Perfino asini selvatici popolano questi luoghi, ciò fa capire
quanto siano remoti da insediamenti stabili. Presso le lagune spesso si ammirano i fenicotteri rosa, mentre sopra
i pendii dei vulcani si possono vedere volteggiare dei falchi a caccia di esemplari simili a marmotte.
In un ambiente come quello che ho cercato di descrivere
è inevitabile che ci si voglia stare il più possibile, per conoscerlo e per viverlo. La salita ad un vulcano favorisce lo
scopo e gli da un senso.
Occorre a questo punto programmare bene ogni singola
giornata considerando che non si trova acqua e che tutta
quella che serve dovrete portarvela con voi. Questo è il
motivo principale che rende difficoltosa qualsiasi salita,oltre alla quota naturalmente.
Un altro problema da non sottovalutare e quello di affrontare le salite con una giusta acclimatazione per non
incorre in problemi di mal di montagna o peggio di edema. ,con le conseguenze del caso.
Dei numerosi vulcani della catena andina il Lascar, lo vedevamo fumare fin da S.Pedro, era quello che alla fine del
2002 dava i segni più vistosi di attività. Ci era stato segnalato che nei primi quindici giorni di dicembre ne era stato
vietato l’ accesso perché vi si registravano scosse violente e si erano formate delle crepe in alto nei pressi della
vetta.Tutto questo naturalmente alimentava la nostra curiosità. Personalmente non avevo mai avuto l’ opportunità di osservare da vicino un vulcano attivo. Mi immaginavo
di poter salire fino al margine del cratere e vedere giù nella caldera ribollire il magma rosso incandescente.

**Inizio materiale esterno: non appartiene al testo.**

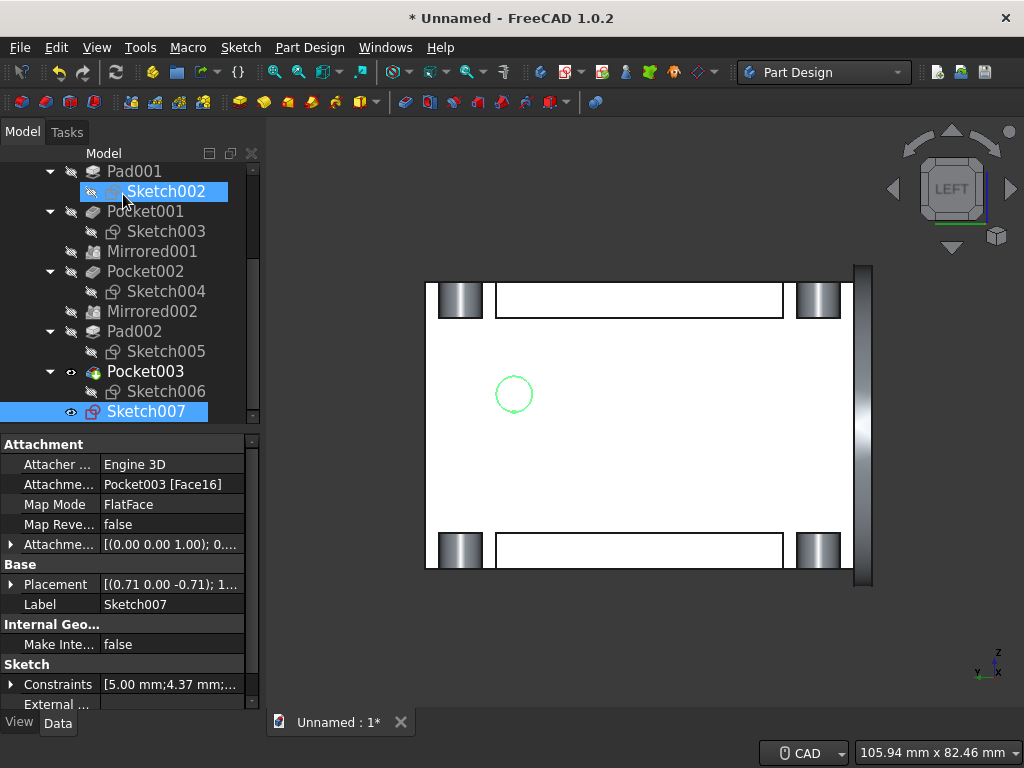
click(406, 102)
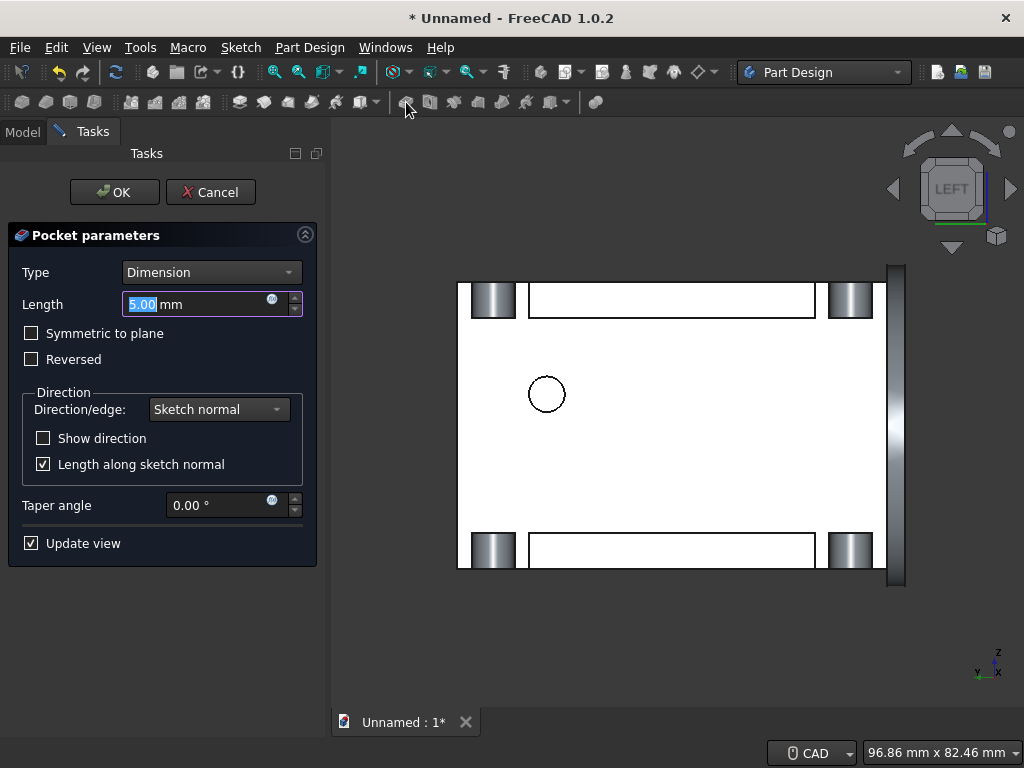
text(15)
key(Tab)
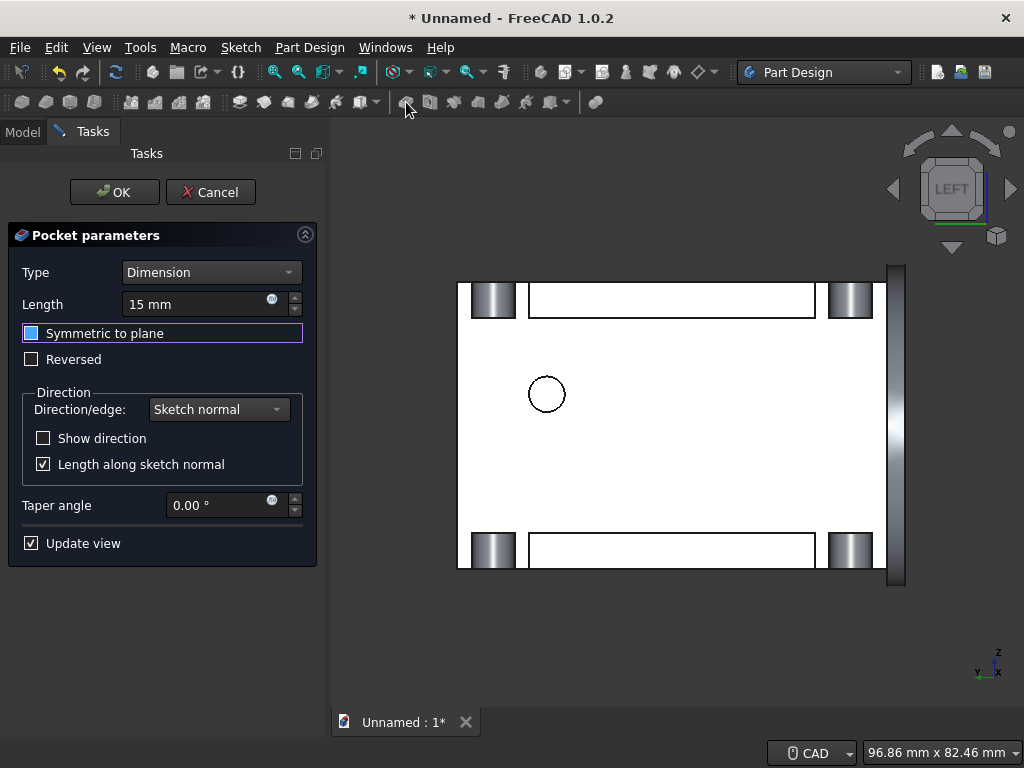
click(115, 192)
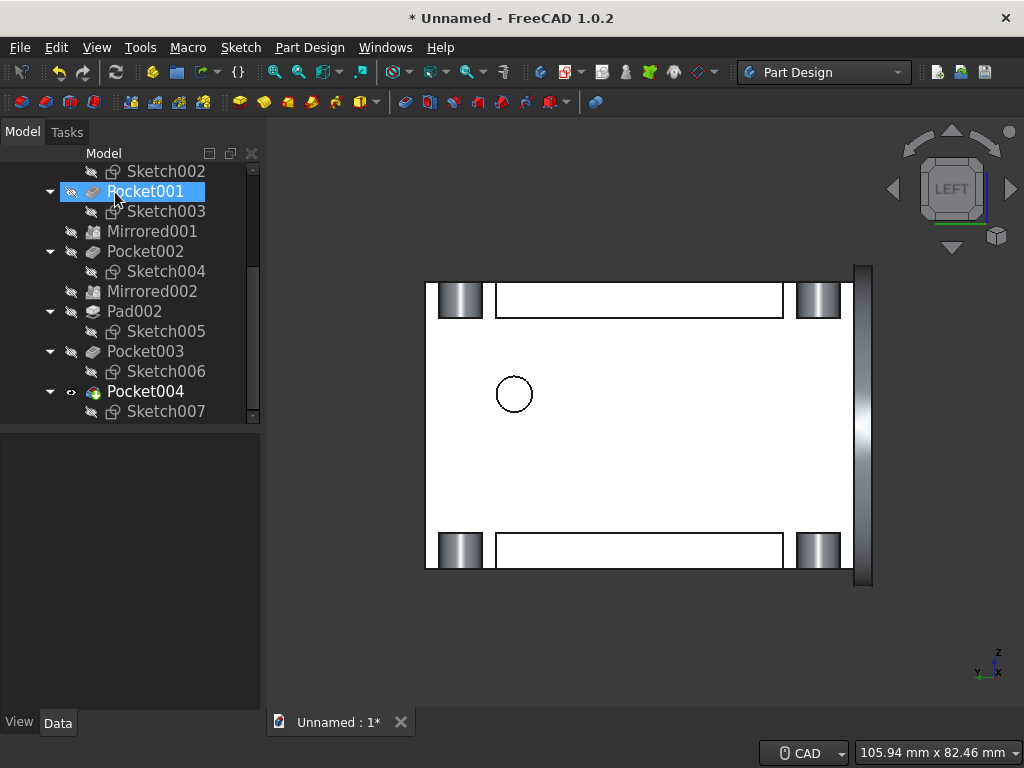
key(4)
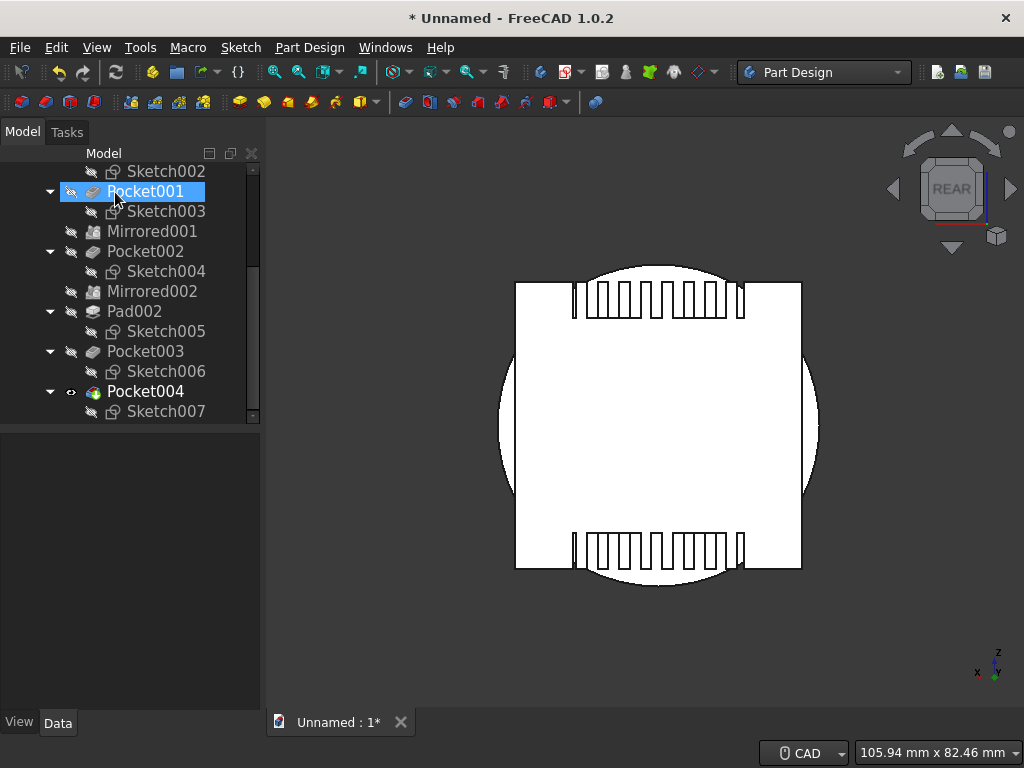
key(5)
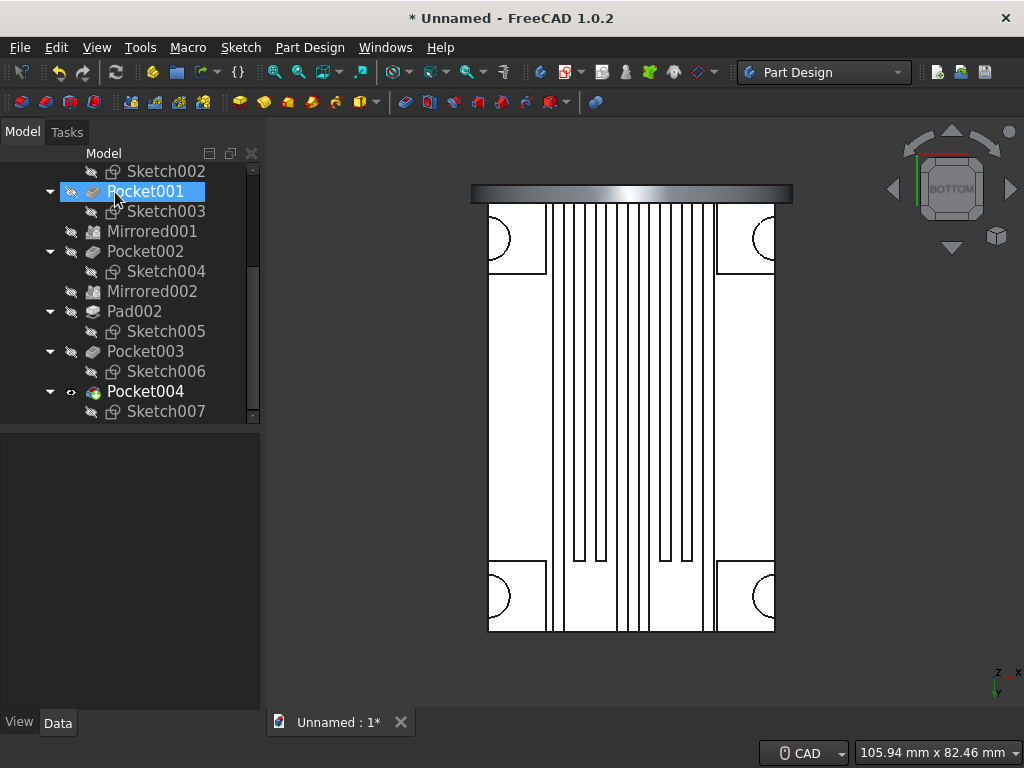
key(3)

Decidemmo di salire il Lascar.La sua quota,5.400 m al cratere e 5.600 m in vetta era alla portata di una salita in giornata visto che si potevano raggiungere i 4.500m con i fuoristrada.
Da S.Pedro si raggiunge la base del Lascar in tre ore di auto. L’ ultimo tratto di viaggio è stupendo per la ricchezza
e la varietà dei colori della natura e per quel senso di mistero che emanano le terre selvagge, lontane dal mondo
abitato. Giunti alla base del Lascar, il grande pennacchio
bianco che esce dalla sua bocca incute un certo rispetto
e vi farà chiedere se è proprio il caso di salire fin lassù.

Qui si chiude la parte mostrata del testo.